[Dataset entries]

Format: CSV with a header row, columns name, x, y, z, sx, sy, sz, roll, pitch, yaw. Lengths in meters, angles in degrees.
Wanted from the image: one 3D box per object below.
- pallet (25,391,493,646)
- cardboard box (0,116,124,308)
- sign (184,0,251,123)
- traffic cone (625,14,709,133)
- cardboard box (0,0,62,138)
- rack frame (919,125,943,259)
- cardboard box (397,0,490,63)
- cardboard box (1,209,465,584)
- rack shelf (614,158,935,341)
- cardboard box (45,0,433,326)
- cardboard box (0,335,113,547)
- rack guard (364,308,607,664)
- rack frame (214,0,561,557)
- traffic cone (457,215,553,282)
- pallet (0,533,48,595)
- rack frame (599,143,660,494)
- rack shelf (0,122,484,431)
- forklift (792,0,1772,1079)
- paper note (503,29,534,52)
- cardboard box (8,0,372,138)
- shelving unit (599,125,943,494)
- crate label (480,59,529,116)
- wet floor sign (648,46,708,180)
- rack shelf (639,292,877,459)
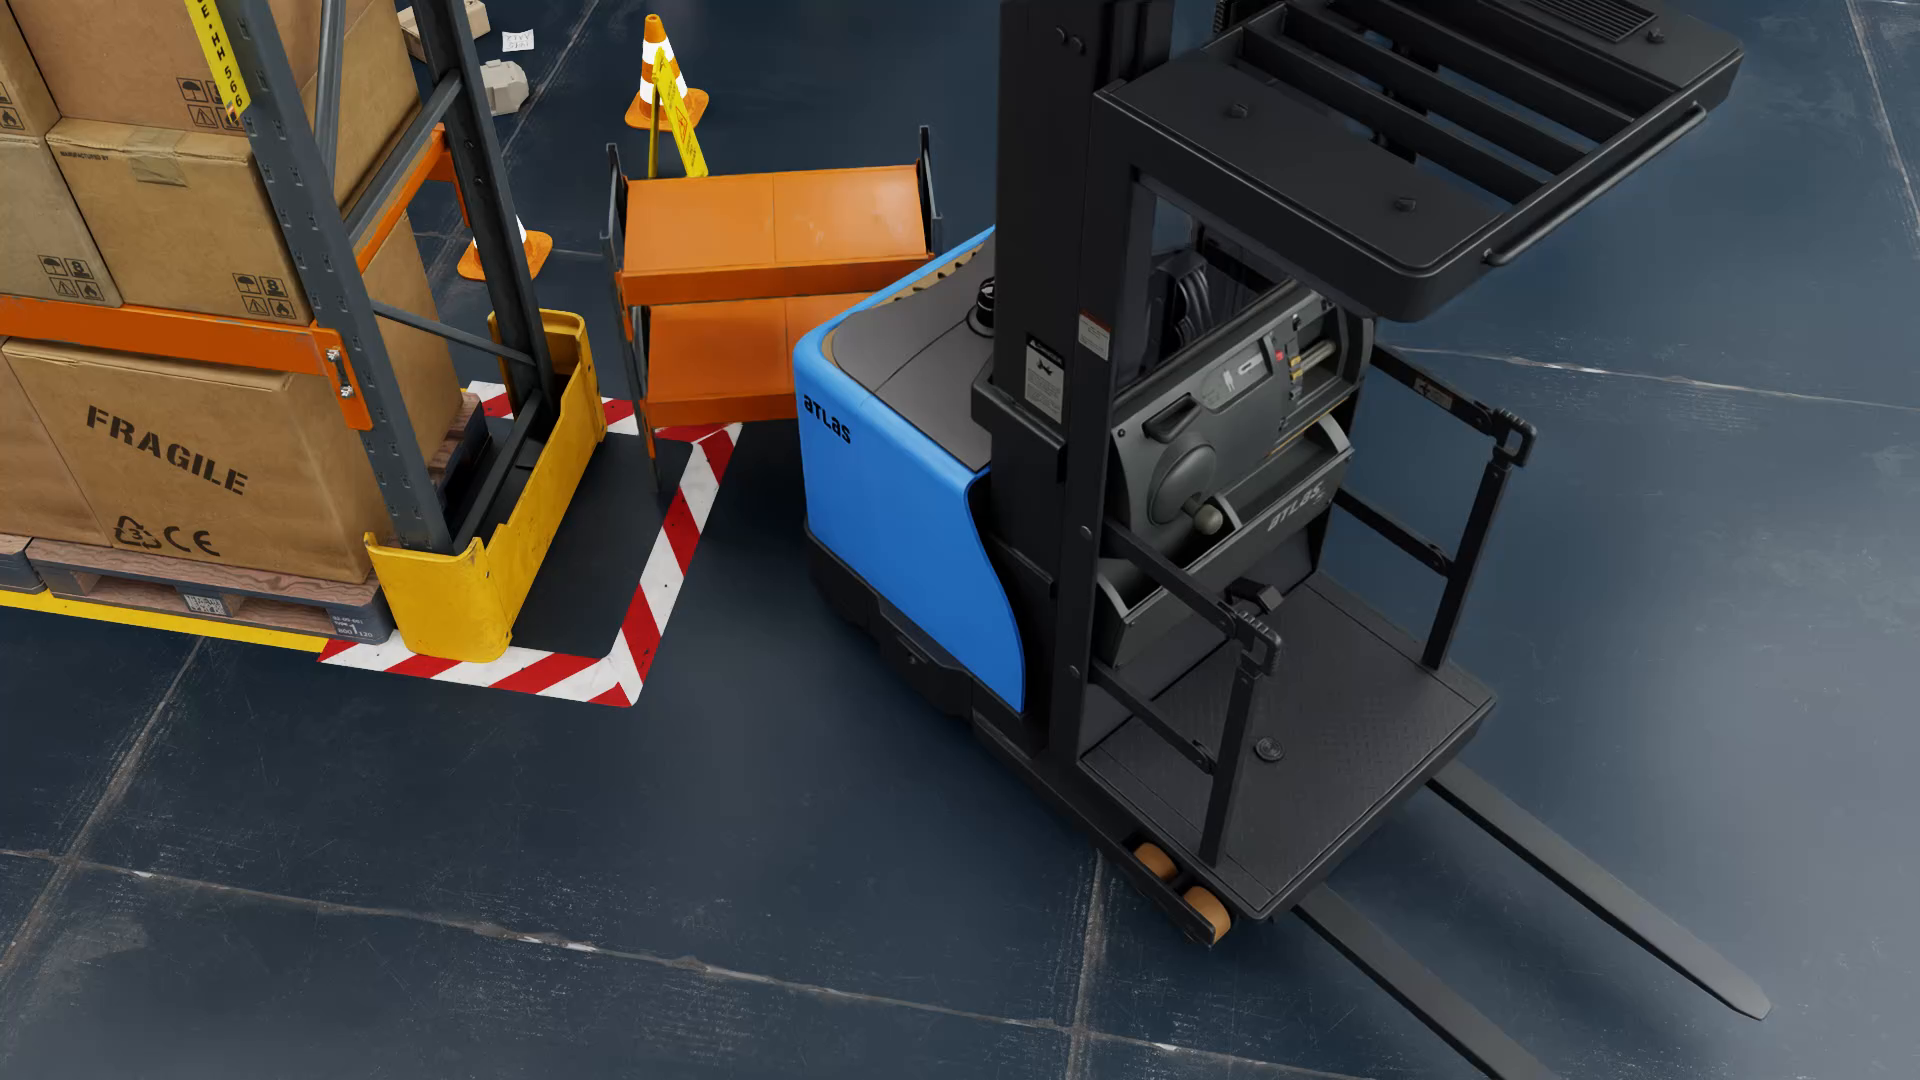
name,x,y,z,sx,sy,sz,roll,pitch,yaw
pallet,-2.385,-0.165,5.756,1.213,0.211,1.003,8,49,7
cardboard box,-2.502,-1.171,4.685,0.550,0.550,0.875,8,49,7
sign,-1.694,-1.119,3.801,0.005,0.325,0.100,8,49,7
traffic cone,-1.318,-2.092,7.319,0.334,0.463,0.336,8,49,7
cardboard box,-2.500,-1.542,4.292,0.550,0.550,0.875,8,49,7
rack frame,-0.094,-0.799,5.712,0.032,1.125,0.500,-4,48,-4
cardboard box,-2.451,-2.427,7.831,0.250,0.149,0.380,32,56,26
cardboard box,-2.263,-0.520,5.347,0.875,0.875,0.875,8,49,7
rack shelf,-0.600,-0.959,5.462,1.000,0.278,0.538,-4,48,-4
cardboard box,-1.957,-1.115,4.634,0.550,0.550,0.875,8,49,7
cardboard box,-3.129,-0.635,5.450,0.875,0.875,0.875,7,48,6
rack guard,-1.560,-0.210,5.602,0.348,0.500,1.175,8,49,7
rack frame,-1.584,-1.048,4.676,0.127,3.000,1.000,8,49,7
traffic cone,-1.854,-1.310,6.616,0.334,0.463,0.336,8,49,7
pallet,-3.582,-0.328,5.903,1.213,0.211,1.003,8,49,7
rack frame,-1.106,-0.727,5.647,0.032,1.125,0.500,-4,48,-4
rack shelf,-3.552,-1.073,5.181,4.000,0.370,1.077,8,49,7
forklift,0.860,-0.271,4.023,1.130,2.935,3.031,-34,57,-27
paper note,-2.087,-2.361,7.851,0.142,0.019,0.148,-7,48,-7
cardboard box,-1.942,-1.537,4.288,0.550,0.550,0.875,8,49,7
shelving unit,-0.600,-0.763,5.679,1.048,1.125,0.538,-4,48,-4
crate label,-2.103,-2.042,7.493,0.298,0.136,0.250,-15,50,-13
wet floor sign,-1.203,-1.707,6.850,0.232,0.644,0.267,0,48,0
rack shelf,-0.600,-0.600,5.861,1.000,0.278,0.538,-4,48,-4

» **EXERCISE GOAL**
Set down all of the entries exactly as they appear, but keep the images out.

» **EXERCISE OUTPUT**
Format: CSV with a header row, columns name, x, y, z, sx, sy, sz, roll, pitch, yaw. Lengths in meters, angles in degrees.
Wanted from the image: one 3D box per object below.
- pallet (25,391,493,646)
- cardboard box (0,116,124,308)
- sign (184,0,251,123)
- traffic cone (625,14,709,133)
- cardboard box (0,0,62,138)
- rack frame (919,125,943,259)
- cardboard box (397,0,490,63)
- cardboard box (1,209,465,584)
- rack shelf (614,158,935,341)
- cardboard box (45,0,433,326)
- cardboard box (0,335,113,547)
- rack guard (364,308,607,664)
- rack frame (214,0,561,557)
- traffic cone (457,215,553,282)
- pallet (0,533,48,595)
- rack frame (599,143,660,494)
- rack shelf (0,122,484,431)
- forklift (792,0,1772,1079)
- paper note (503,29,534,52)
- cardboard box (8,0,372,138)
- shelving unit (599,125,943,494)
- crate label (480,59,529,116)
- wet floor sign (648,46,708,180)
- rack shelf (639,292,877,459)
name,x,y,z,sx,sy,sz,roll,pitch,yaw
pallet,-2.385,-0.165,5.756,1.213,0.211,1.003,8,49,7
cardboard box,-2.502,-1.171,4.685,0.550,0.550,0.875,8,49,7
sign,-1.694,-1.119,3.801,0.005,0.325,0.100,8,49,7
traffic cone,-1.318,-2.092,7.319,0.334,0.463,0.336,8,49,7
cardboard box,-2.500,-1.542,4.292,0.550,0.550,0.875,8,49,7
rack frame,-0.094,-0.799,5.712,0.032,1.125,0.500,-4,48,-4
cardboard box,-2.451,-2.427,7.831,0.250,0.149,0.380,32,56,26
cardboard box,-2.263,-0.520,5.347,0.875,0.875,0.875,8,49,7
rack shelf,-0.600,-0.959,5.462,1.000,0.278,0.538,-4,48,-4
cardboard box,-1.957,-1.115,4.634,0.550,0.550,0.875,8,49,7
cardboard box,-3.129,-0.635,5.450,0.875,0.875,0.875,7,48,6
rack guard,-1.560,-0.210,5.602,0.348,0.500,1.175,8,49,7
rack frame,-1.584,-1.048,4.676,0.127,3.000,1.000,8,49,7
traffic cone,-1.854,-1.310,6.616,0.334,0.463,0.336,8,49,7
pallet,-3.582,-0.328,5.903,1.213,0.211,1.003,8,49,7
rack frame,-1.106,-0.727,5.647,0.032,1.125,0.500,-4,48,-4
rack shelf,-3.552,-1.073,5.181,4.000,0.370,1.077,8,49,7
forklift,0.860,-0.271,4.023,1.130,2.935,3.031,-34,57,-27
paper note,-2.087,-2.361,7.851,0.142,0.019,0.148,-7,48,-7
cardboard box,-1.942,-1.537,4.288,0.550,0.550,0.875,8,49,7
shelving unit,-0.600,-0.763,5.679,1.048,1.125,0.538,-4,48,-4
crate label,-2.103,-2.042,7.493,0.298,0.136,0.250,-15,50,-13
wet floor sign,-1.203,-1.707,6.850,0.232,0.644,0.267,0,48,0
rack shelf,-0.600,-0.600,5.861,1.000,0.278,0.538,-4,48,-4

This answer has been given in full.